This summer, Infiniti will reveal the future of computer-controlled driving. While it may not be a precursor to autonomous driving - where the car does all of the driving for you - it will usher in an age of better computer-assisted driving.
The 2014 Infiniti Q50 is a luxury sedan/saloon car with a sleek, curvy design that will hit dealers in Europe and America this summer.
Bert Brooks, North American regional product manager for the company, told TechRadar about two new features that will provide a fine level of control where the driver can feel the road. The car adapts to driving conditions, lane markers and road surfaces 'unlike any vehicle before it'.
The first brand new technology in the Infiniti Q50 is called Direct Adaptive Steering, which involves sensors in the car constantly monitoring the position of the steering wheel. A second technology, called Active Lane Control, nudges you slightly back into a lane based on camera readings and sensors.
"The steering system, fundamentally, has a goal to provide a wide range of steering responses beyond a conventional steering system," says Brooks. "It uses an electronic feedback loop between the wheel and steering rack."
Control and feedback
Electronic control means the car feels more responsive, but the Infiniti Q50 will not let you take your hands off the wheel. The key feature is the interaction between the tyres and the steering. The car senses the road and moves you back into the lane gradually. Previous Infiniti models, and many Mercedes and BMW vehicles, nudged you back into your lane.

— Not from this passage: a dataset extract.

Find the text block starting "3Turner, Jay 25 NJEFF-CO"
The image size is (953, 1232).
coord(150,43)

"When the system starts up and everything checks out OK, an electric clutch, which is in the intermediate shaft between the the steering wheel and the steering rack, disengages. At that point you are in the by wire mode. As the driver's hands move the steering wheel, the sensor reads whatever angle they're commanding and then a control unit calculates the required control movement for the tyres.
"A set of actuators on the steering rack then move the tyres to that angle. As that happens, the current draw by those actuating motors is measured and calibrated to account for different road surfaces and driving conditions," he says.

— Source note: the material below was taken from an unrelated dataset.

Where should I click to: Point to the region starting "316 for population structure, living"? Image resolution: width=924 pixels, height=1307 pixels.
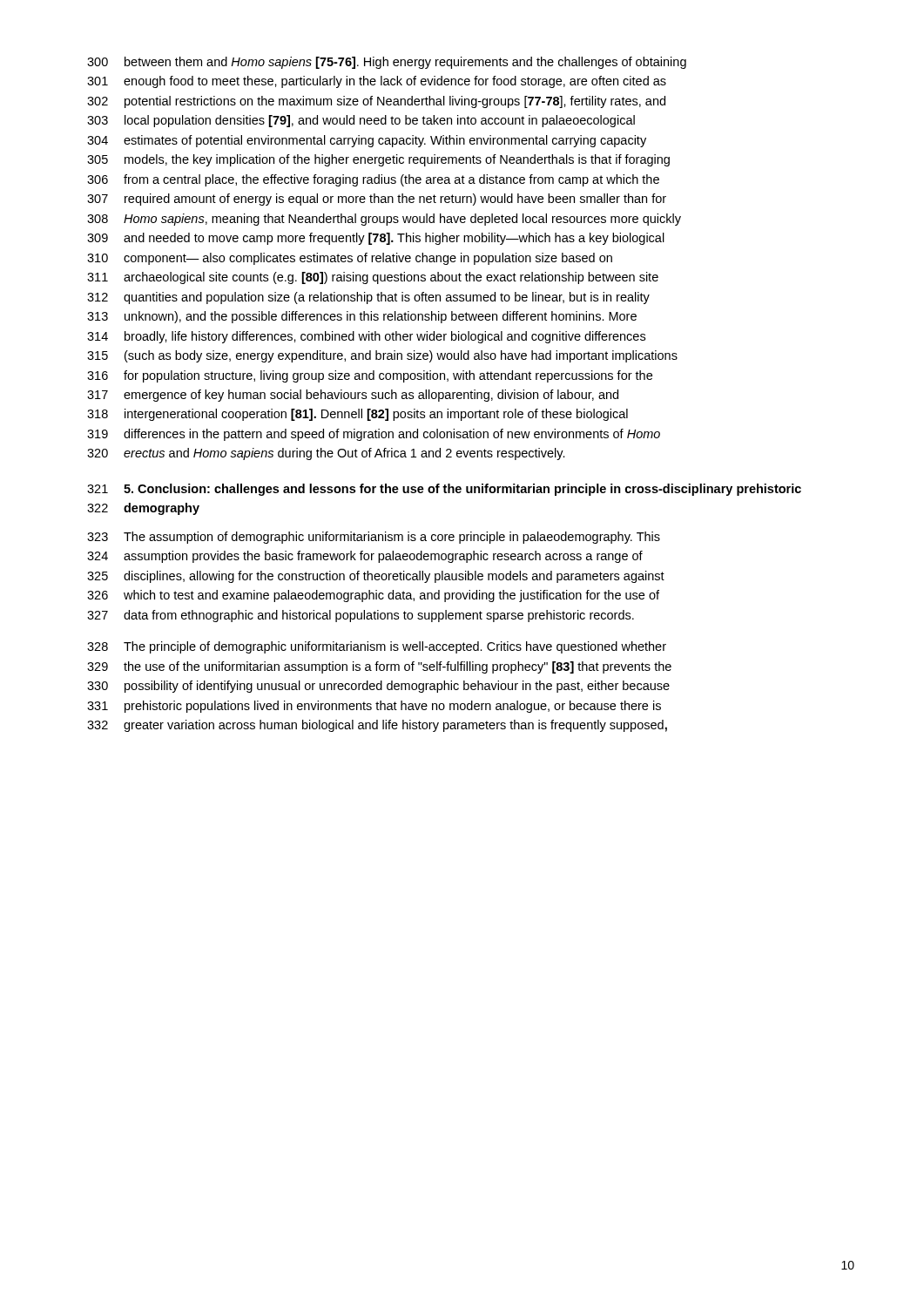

After all this it provides a force feedback to the driver's hands. Brooks says: "Because this is done many times over and over again you have a continuous closed loop feedback system. The interaction between the car and the road service goes back to the driver's hands."
One critical point is that there is a mechanical back-up system that can kick in if the digital steering fails, but the system does replace what's been used in most cars for decades.
"On a smooth pavement, the current draw to the motors is low," says Brooks. There's not the same level of force feedback and the steering effort is reduced. If there is a slip on a gravel road or on snow-packed highways, the motors are actuated to a greater sensitivity.
"We can filter this and augment as needed. High frequency feedbacks can be filtered out, low frequency inputs that give you a sense of more control can be enhanced," says Brooks.
It's an interesting balance, and one that he says is not necessarily preparation to the future of autonomous driving. The goal is to give the driver more control, not less. The steering system is like a force feedback controller in a videogame, where precise control means precise feedback.
That said, while the two new technologies are designed for control (and, to the same degree, to enhance safety on the road), the computer aids will help push autonomous driving forward. Previous lane-keeping systems had to use the brakes to nudge you back into a lane, which was a jarring sensation. In future cars, computerised steering could conceivably give you a chance to rest during a long drive and keep you in the lane, hands-free.
Next up after that: lower speed autonomous control, and the ultimate nirvana: sending your car out on its own to run errands for you and pick up the kids.